В автобиографии он, много лет спустя, писал: "Но что я мог там ( т.е. в Москве - Г.С.) сделать со своей глухотой! Какие связи завязать? Без знания жизни я был слепой в отношении карьеры и заработка" [172, с. 50].
Отец присылал ему по 10-15 рублей в месяц. Деньги эти по тем временам были вполне достаточными для безбедного существования. Однако Костя тратил только 90 копеек в месяц на хлеб, отказывая себе даже в картошке и чае, а на остальные деньги покупал книги, трубки, реторты, химреактивы и прочие необходимые для самообразования вещи.
Штаны его были все в желтых пятнах и с дырками от кислоты, волосы не стриг - считал, что на такие пустяки не стоит тратить время и деньги. Тетка прислала связанные ею теплые чулки, а он их продал за бесценок. Потом мерз, но, зато, купил химические препараты.
Первый год жизни в Москве тщательно изучал курс элементарной математики и физики. На второй год занялся высшей математикой: прочитал книги по дифференциальному и интегральному исчислению, аналитической геометрии, сферической геометрии и пр. [172, с. 52].
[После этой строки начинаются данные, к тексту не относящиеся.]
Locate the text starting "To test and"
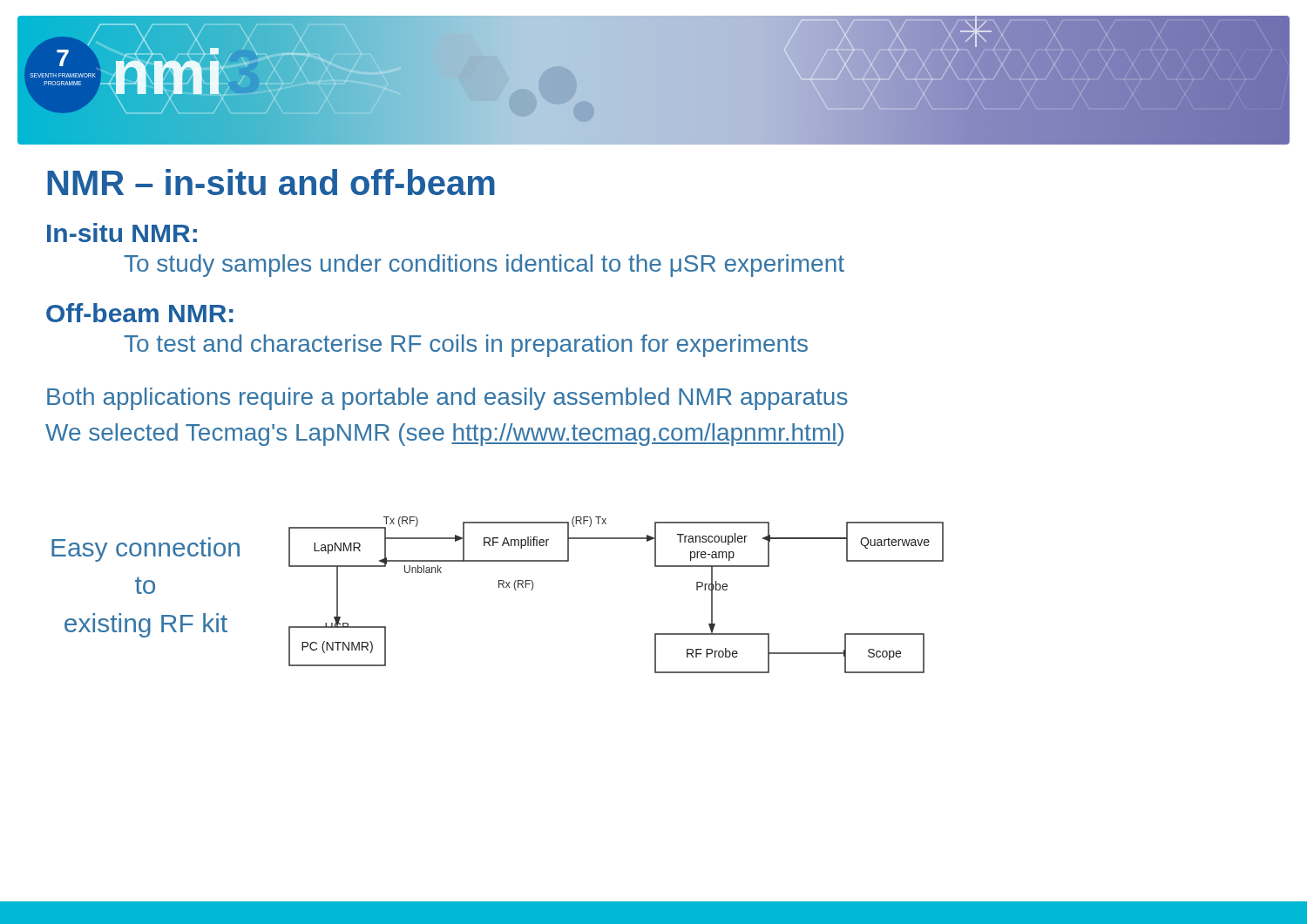(x=466, y=344)

О проблемах самообразования хорошо сказал Н.Г. Чернышевский:
"Он самоучка; по каким книгам он учился? Знал ли он, какие книги выбирать, знал ли он, на какие учения обращать внимание, как на учения действительно современные? Her, он учился по книгам, какие попадались ему в руки, а чаще всего попадаются книги, написанные в духе теорий, уже получивших господство в обществе, то есть теорий уже довольно старых и значительно устаревших. Такова судьба всякого самоучки" [174, с. 180].
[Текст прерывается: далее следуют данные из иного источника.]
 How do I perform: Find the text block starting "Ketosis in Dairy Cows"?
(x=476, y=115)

Сказано очень точно, а профессор Н.Д. Моисеев эти положения Н.Г. Чернышевского конкретизировал, приблизив их непосредственно к ситуации К.Э. Циолковского:
"...Циолковский был и остался на всю жизнь самоучкой. Те руководства, которые он проштудировал в Москве и Рязани, были только учебниками и учебниками элементарными. Из них не было выхода в специальную журнальную литературу и литературу монографическую..." [40, с. 17].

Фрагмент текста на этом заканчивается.